Supplied information
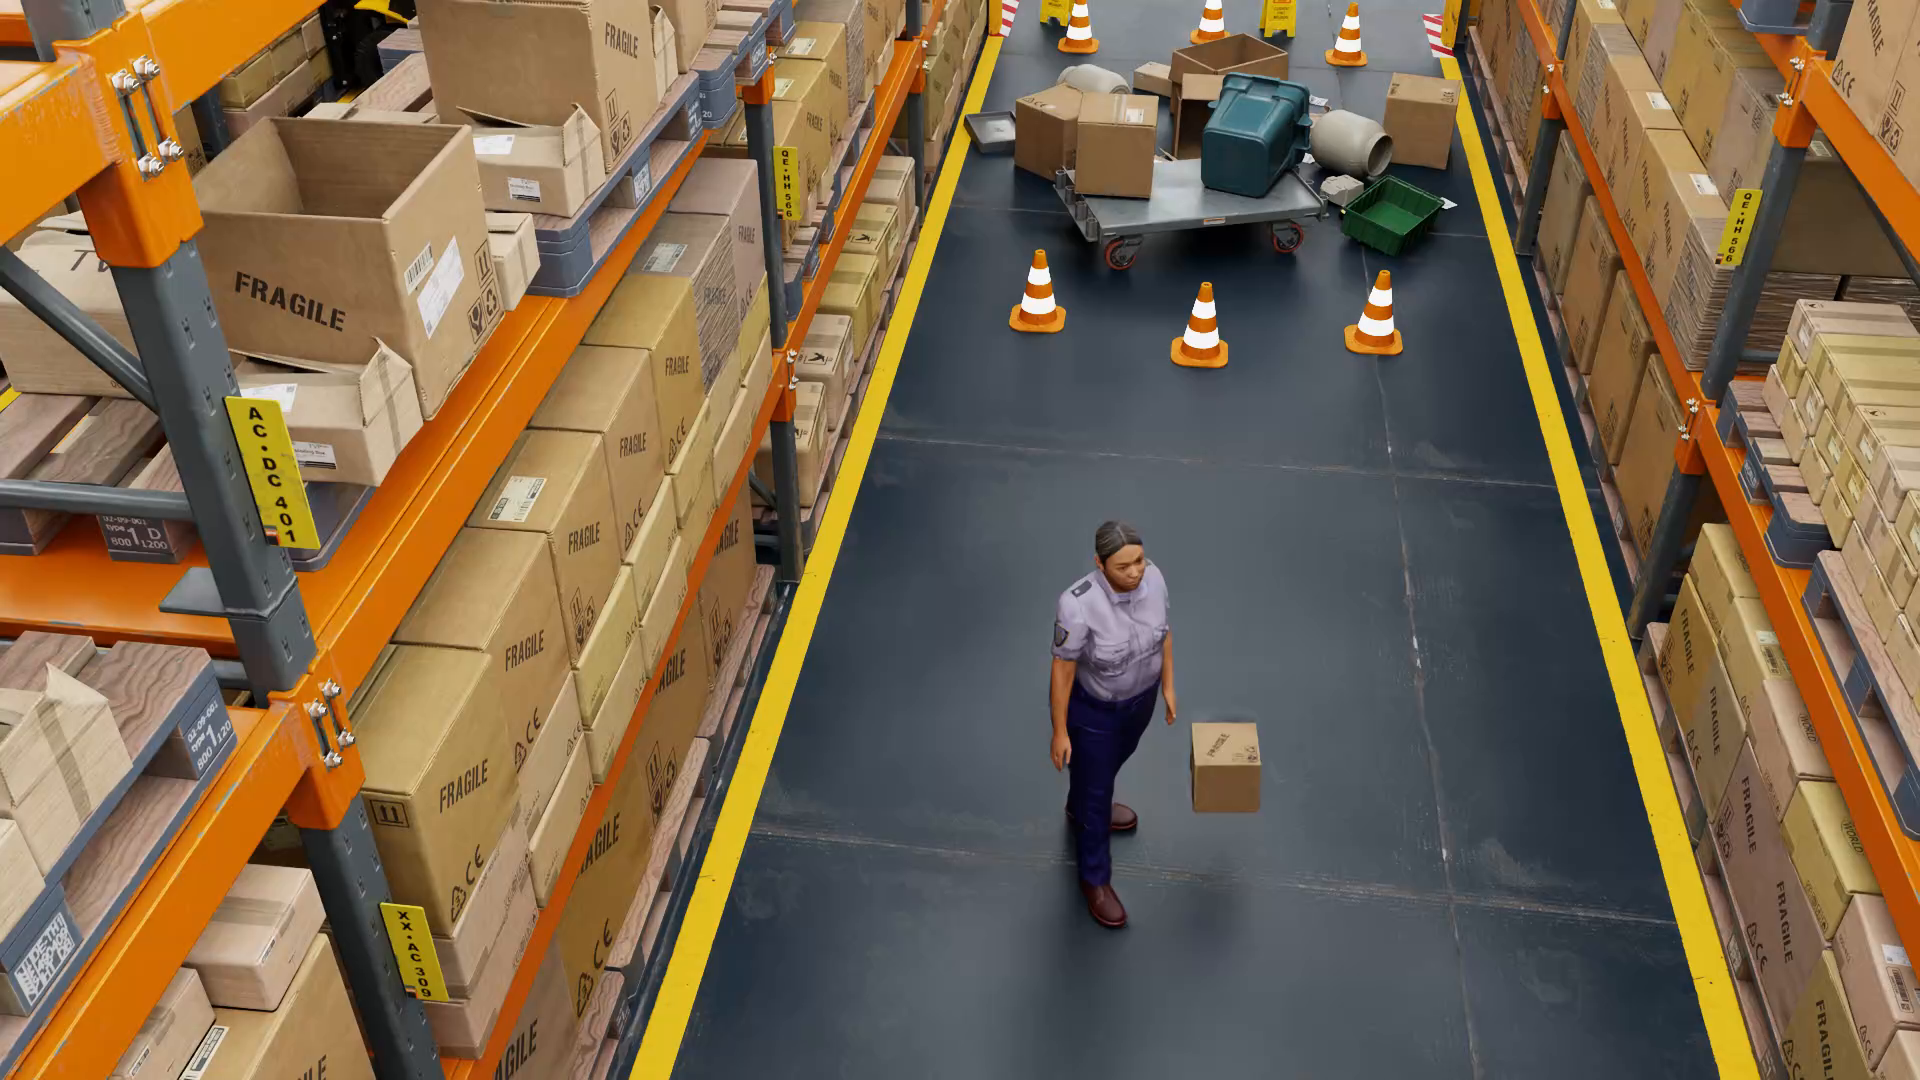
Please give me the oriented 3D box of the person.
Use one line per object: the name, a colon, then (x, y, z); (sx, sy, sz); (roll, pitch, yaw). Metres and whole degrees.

* * *

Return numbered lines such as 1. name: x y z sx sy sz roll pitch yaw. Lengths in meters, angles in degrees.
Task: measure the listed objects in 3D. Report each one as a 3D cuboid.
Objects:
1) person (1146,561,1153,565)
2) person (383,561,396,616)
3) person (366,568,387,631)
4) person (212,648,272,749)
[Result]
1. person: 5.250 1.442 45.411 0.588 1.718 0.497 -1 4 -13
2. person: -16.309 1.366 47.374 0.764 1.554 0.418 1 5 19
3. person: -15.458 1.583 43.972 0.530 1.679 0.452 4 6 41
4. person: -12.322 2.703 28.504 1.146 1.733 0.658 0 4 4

Instructions for the task
Reprint exactly the lines above that start at the one with "Please give me" and end at the one with "Use one line", keeping both and adding none.

Result for this exercise
Please give me the oriented 3D box of the person.
Use one line per object: the name, a colon, then (x, y, z); (sx, sy, sz); (roll, pitch, yaw). Metres and whole degrees.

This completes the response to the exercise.